The curriculum consists not only of courses, but also of daily meeting for worship, our shared work, individual spiritual nurture, reflection groups, social witness opportunities, and community life itself. We affirm the profound link between contemplation and action, between body and soul, between deep engagement in the world and care for the life of the Spirit.
While Pendle Hill does not give grades or confer credentials, some schools may give credit for work done here if the student desires and pursues that option.
Service
Worship and study find expression in service and social witness. Pendle Hill’s educational program supports a “contemplative/active” community where we strive to live the Quaker testimonies concerning peace, integrity, equality, and simplicity. We recognize that service is reciprocal – those who seek to serve others often find that they are the ones who receive the most.
Community
The creation of community lies at the core of the Pendle Hill resident experience. This is a joy as well as an opportunity to grow, requiring mindfulness and discernment. The process begins during orientation, a full week at the start of each term when practical information is shared, relationships begin, and specific courses and schedules are chosen. Throughout the term, the formal schedule of work, worship, and study is supplemented by additional activities – both planned and spontaneous, many initiated and led by students.

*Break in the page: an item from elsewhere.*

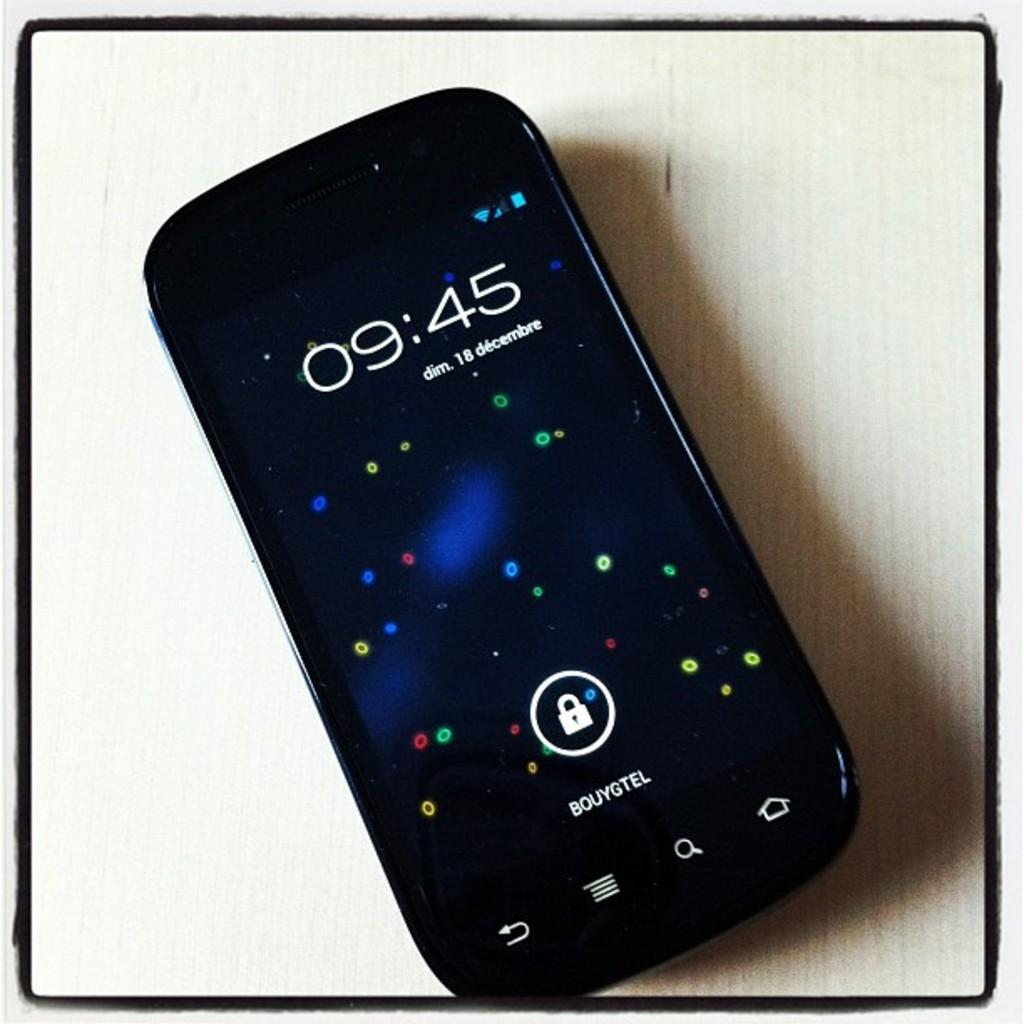<image>
Share a concise interpretation of the image provided. A smartphone shows the time as 9:45, the service provider is bouygtel. 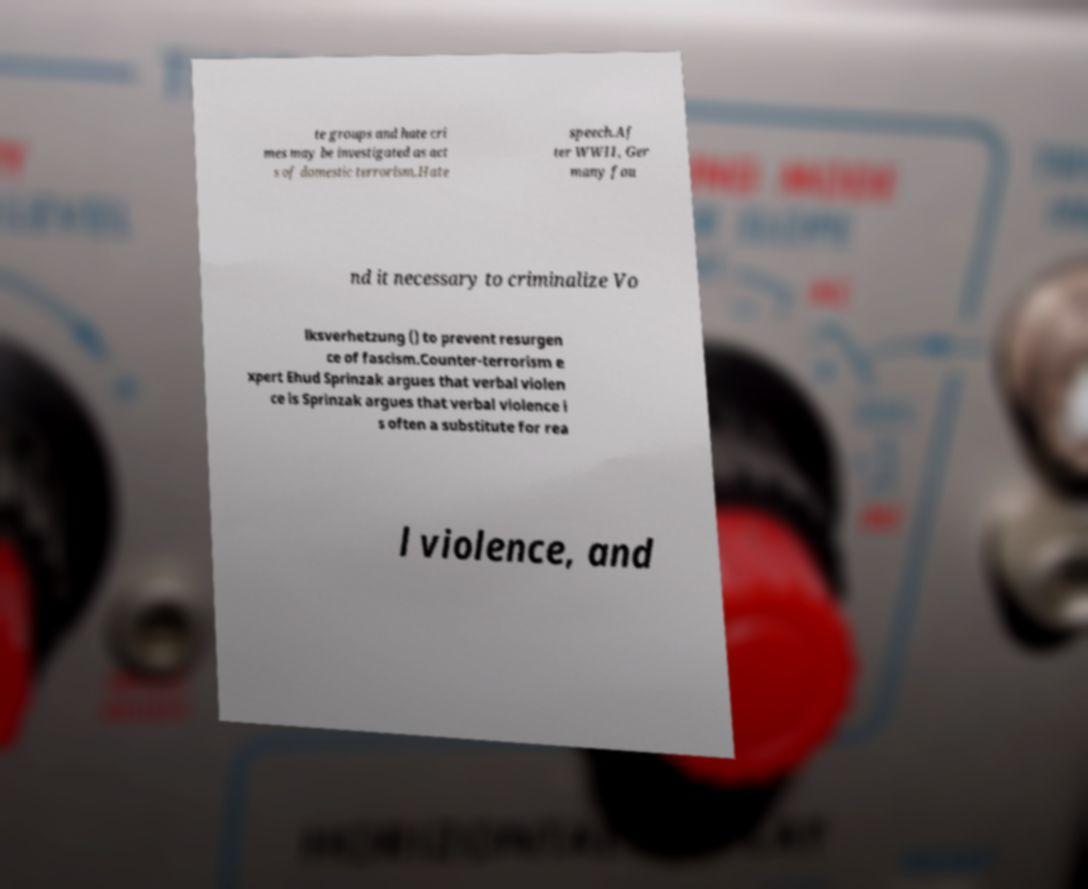There's text embedded in this image that I need extracted. Can you transcribe it verbatim? te groups and hate cri mes may be investigated as act s of domestic terrorism.Hate speech.Af ter WWII, Ger many fou nd it necessary to criminalize Vo lksverhetzung () to prevent resurgen ce of fascism.Counter-terrorism e xpert Ehud Sprinzak argues that verbal violen ce is Sprinzak argues that verbal violence i s often a substitute for rea l violence, and

In this rich environment, each student needs to seek an appropriate balance between community engagement and solitude, activity and contemplation, conversation and silence, while meeting responsibilities to the group as a whole.
Three to four times each term the resident community gathers for Community Meeting, an opportunity to discuss issues of common concern, build relationships, share information, and make corporate decisions.
Festival Week
The final week of each term is a time to share the fruits of our work and celebrate the bonds of community. Presentations by individual students and groups take many forms: papers or other written work, craft exhibits, and presentations in music, dance, poetry, and drama.